I believe it was another masterful performance at PMQ's. The government faced a rebellion over its proposed raises to NI contributions to the people deemed to be their natural core support, forcing it into a U Turn
Jeremy completely omitted to even mention it, and just chuntered on to himself, aimlessly instead.
Brilliant!
Once again faced with an open goal, he spoons it into row Z.
Eh - did you watch last week's or something Binners?
It was a bit weird for him to ask what the hole in the budget would be filled by, but he definitely pushed it. He asked for an apology from the PM for all the stress and chaos caused for people who would have been effected over the last week.
He did mention it watching it now, weak is barely suffiecient enough to describe it... the man has no authority what so ever.
[I]the man has no authority what so ever. [/I]
Reminds me of one of my uncles.
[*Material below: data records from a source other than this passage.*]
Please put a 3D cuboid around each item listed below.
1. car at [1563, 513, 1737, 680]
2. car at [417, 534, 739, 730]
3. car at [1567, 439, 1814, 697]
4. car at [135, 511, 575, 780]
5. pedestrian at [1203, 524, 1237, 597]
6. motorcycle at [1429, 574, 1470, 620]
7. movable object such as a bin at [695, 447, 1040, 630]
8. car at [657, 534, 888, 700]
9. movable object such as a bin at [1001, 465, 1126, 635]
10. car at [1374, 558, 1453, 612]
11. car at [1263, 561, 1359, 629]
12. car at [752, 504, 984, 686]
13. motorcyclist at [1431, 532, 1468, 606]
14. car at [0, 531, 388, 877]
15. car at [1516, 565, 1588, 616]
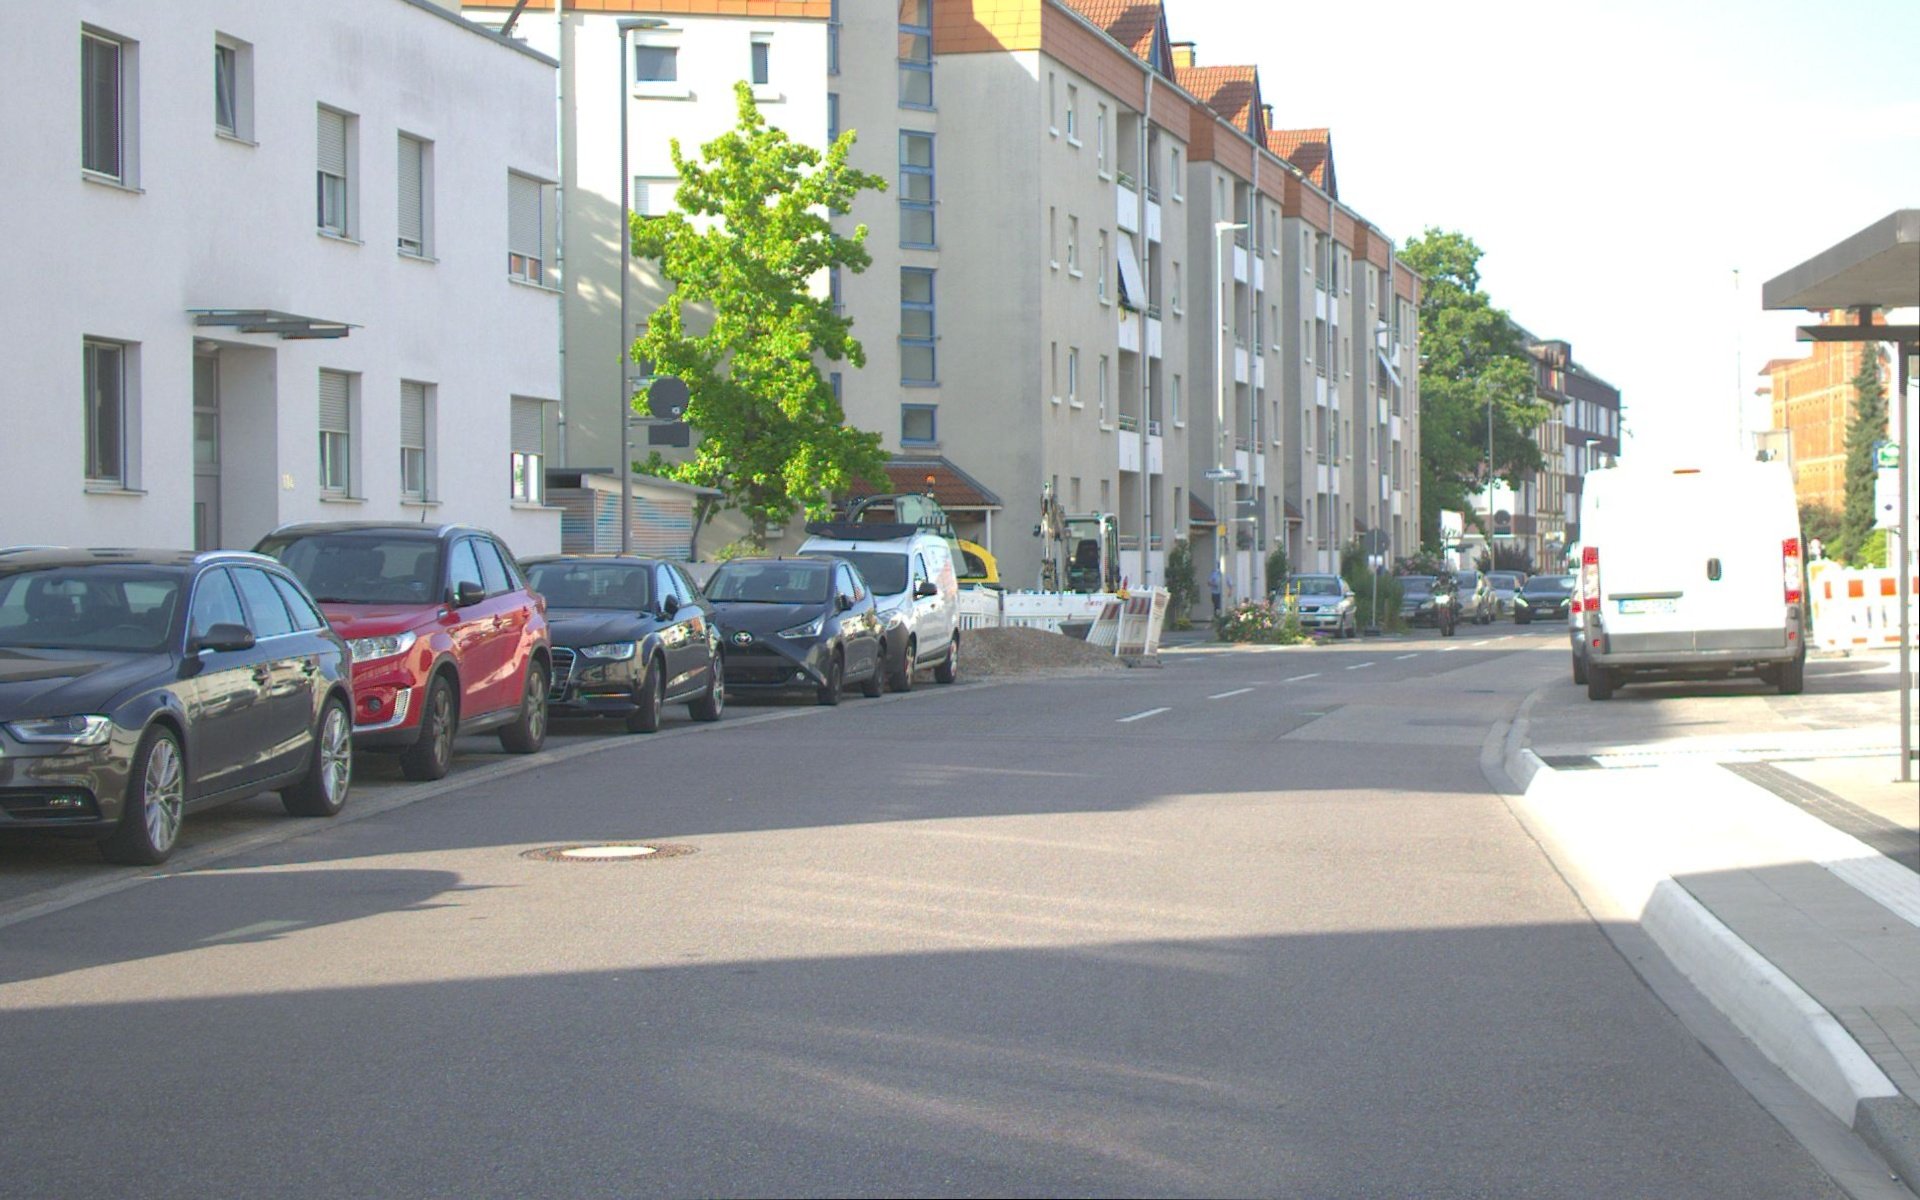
[{"bbox_3d":[7.844,-0.078,39.096,1.778,1.735,4.481,-2,1,11],"label":"car"},{"bbox_3d":[-3.043,0.202,28.239,1.727,1.473,4.263,0,1,6],"label":"car"},{"bbox_3d":[7.244,-0.336,34.250,2.175,2.319,4.995,-2,1,11],"label":"car"},{"bbox_3d":[-3.886,0.227,22.827,1.727,1.616,4.263,0,1,6],"label":"car"},{"bbox_3d":[6.534,-1.004,86.312,0.719,1.812,0.744,1,1,15],"label":"pedestrian"},{"bbox_3d":[10.963,-0.065,77.016,0.769,0.981,2.198,1,1,11],"label":"motorcycle"},{"bbox_3d":[-1.496,-1.010,56.183,5.497,2.890,2.112,0,1,-1],"label":"movable object such as a bin"},{"bbox_3d":[-1.814,0.125,34.178,1.493,1.460,3.513,4,2,9],"label":"car"},{"bbox_3d":[2.011,-0.984,65.684,1.648,3.127,3.898,1,2,12],"label":"movable object such as a bin"},{"bbox_3d":[12.225,-0.409,92.464,1.687,1.401,4.081,1,1,13],"label":"car"},{"bbox_3d":[7.675,-0.131,74.897,1.641,1.391,3.669,-1,1,12],"label":"car"},{"bbox_3d":[-0.988,-0.095,39.422,1.728,1.954,4.437,1,1,11],"label":"car"},{"bbox_3d":[10.981,-0.698,77.081,0.769,1.646,0.843,1,1,10],"label":"motorcyclist"},{"bbox_3d":[-4.353,0.407,17.283,1.727,1.473,4.502,1,1,6],"label":"car"},{"bbox_3d":[17.406,-0.295,100.920,1.831,1.415,4.206,-1,1,13],"label":"car"}]

He could be sat in the corner of your room right now, not that you'd know it.
Alex - stress for those affected ? It only affected those on over £40k pa (some commentators said £60k), the changes where small (frankly tiny) and there where phased in. Being self employed is a massive tax dodge opportunity, tax free dividends, sharing income between "employees", deferring income/tax, loans with minimal benefit in kind taxation. As Hammond's letter says self employed are paying £5bn pa less in tax/ni than equivalent employees and this will rise to £6bn pa by 2020. The Govt is conducting an invstigation into the impact but the conclusion is obvious. I openly posted on here a while ago that I am focused on non PAYE work as it's so beneficial tax wise.
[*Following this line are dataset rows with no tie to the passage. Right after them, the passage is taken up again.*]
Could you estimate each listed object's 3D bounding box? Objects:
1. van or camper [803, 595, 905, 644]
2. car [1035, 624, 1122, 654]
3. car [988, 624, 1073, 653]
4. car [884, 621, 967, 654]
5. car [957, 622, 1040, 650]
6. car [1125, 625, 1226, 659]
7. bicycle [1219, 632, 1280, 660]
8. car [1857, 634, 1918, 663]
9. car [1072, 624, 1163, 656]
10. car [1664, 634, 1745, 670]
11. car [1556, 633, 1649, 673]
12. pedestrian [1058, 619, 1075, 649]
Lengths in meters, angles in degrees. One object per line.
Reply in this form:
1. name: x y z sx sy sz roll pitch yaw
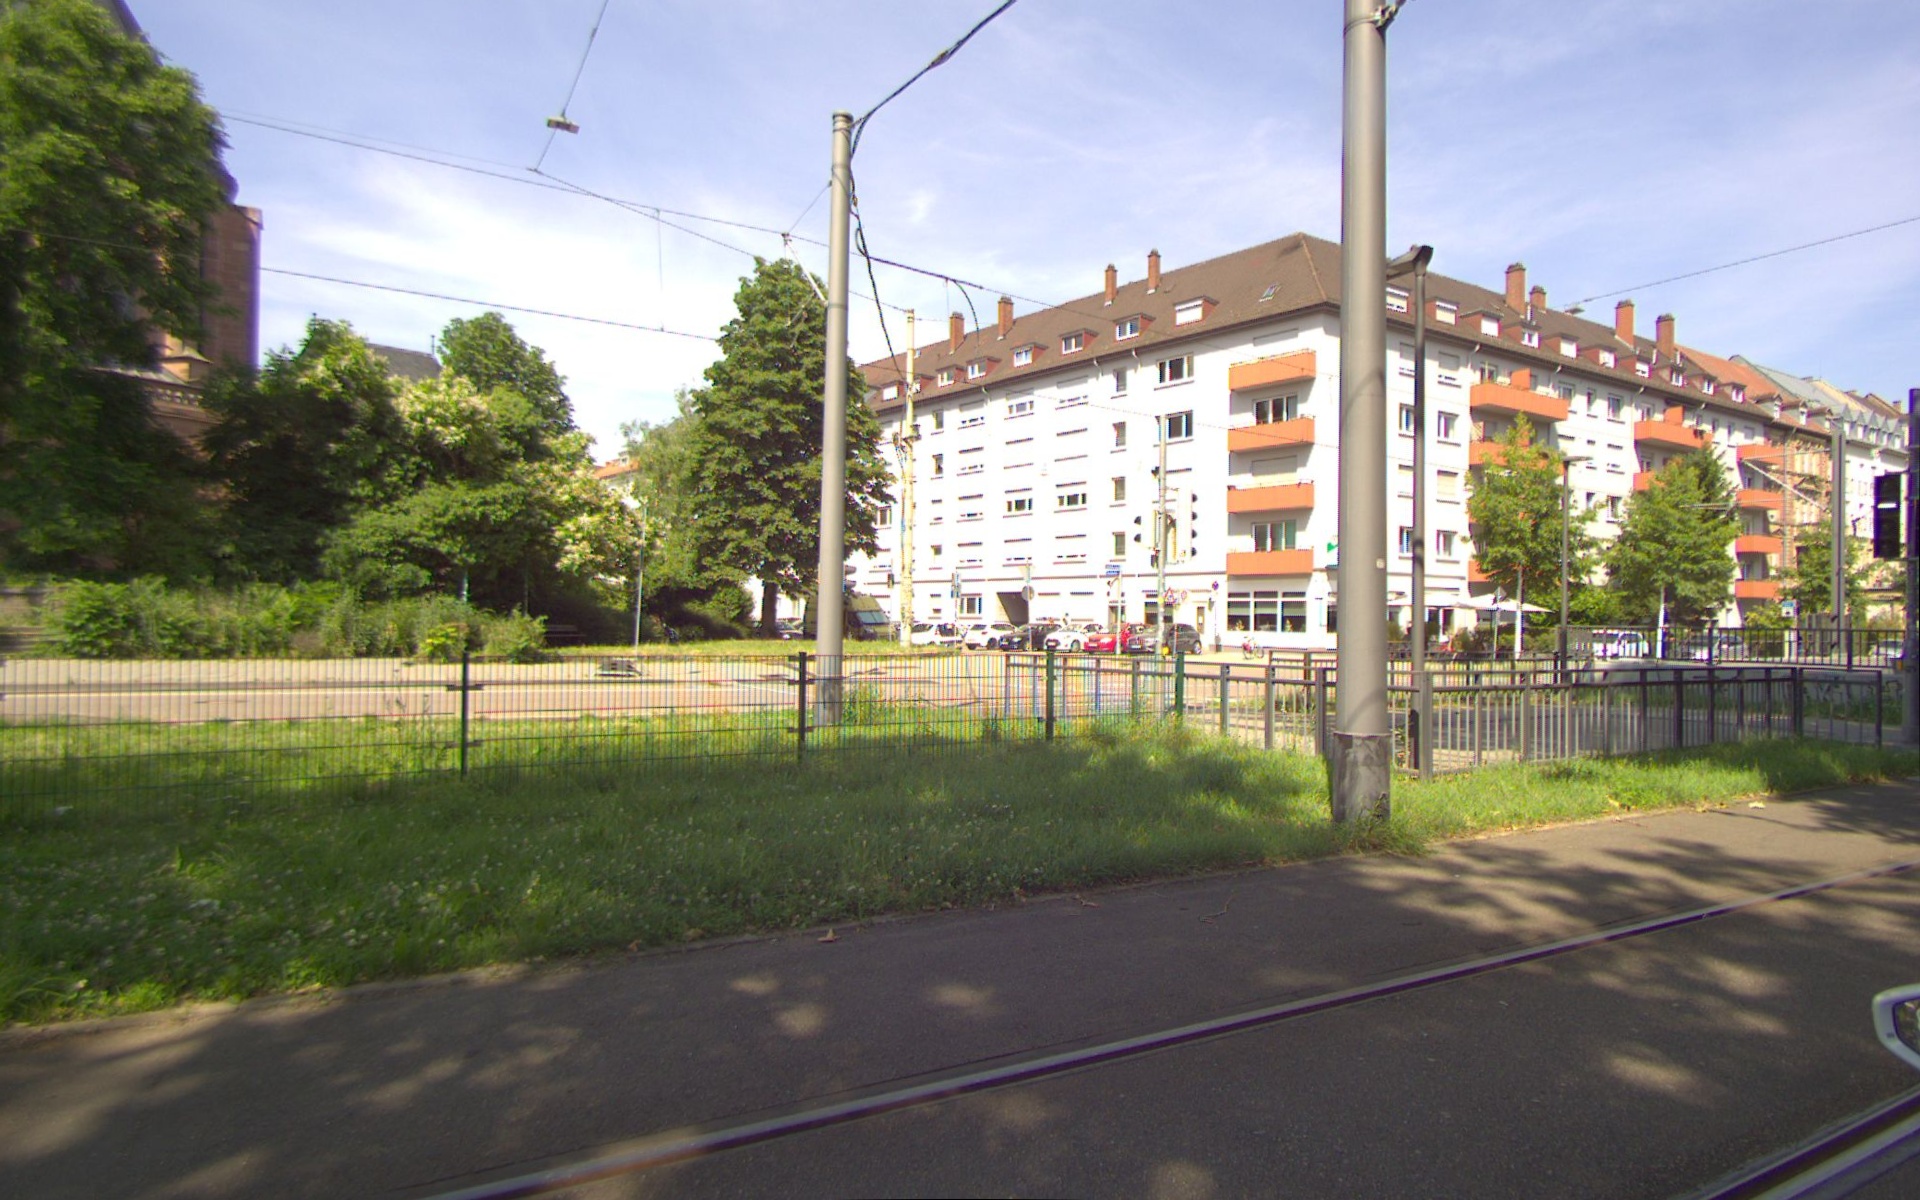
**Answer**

I assume Jamba that you are not self employed or running a small limited company
?
Ironic that the Tories (a) screwed up and (b) get flak for introducing a progressive tax change. Its an amusingly ironic world that we live in, ful of wonderful contradiction.
I know nothing about rhe Dutch Labour party - if it is similar to our version - but their failure yesterday makes Jezza look quite good. 😉
.Being self employed is a massive tax dodge opportunity, tax free dividends, sharing income between "employees", deferring income/tax, loans with minimal benefit in kind taxation
You are absolutely confusing being self-employed up with running a company. One is employed and pays NIC, PAYE, CT, Dividend Tax the other pays income tax and NIC.
Either position can be abused. But do no conflate the two.
Do you understand how the loans system works?
Dodging tax is generally the preserve of high earners no matter the state of employment . As long as you can avoid a tax scheme you can pay a specialist to perform all sorts of magic. It's not the preserve of the self employed.
We went through a major VAT inspection a few years ago. They almost tore my company apart to find they owed ME £140.
Did I mention we pass on VAT too?
I've been both self employed and in a company structure and neither saves me much tax.
jamba - you seem to be confusing JC's comments with my own.
I put my comments in the appropriate thread.
We went through a major VAT inspection a few years ago. They almost tore my company apart to find they owed ME £140.
Had similar when I was a contractor. They found a payment of £23 into my account that I couldn't explain. All other payments being regular, and in the thousands.
"You owe us the VAT on that" the inspector said with a sense of smugness.
Then I found an old VAT rebate notification. £23.
🙂
"Ironic that the Tories (a) screwed up and (b) get flak for introducing a progressive tax change. Its an amusingly ironic world that we live in, ful of wonderful contradiction."
I do love seeing Labour arguing against a Tax rise and simultaneously asking where the shortfall is coming from in an overspend.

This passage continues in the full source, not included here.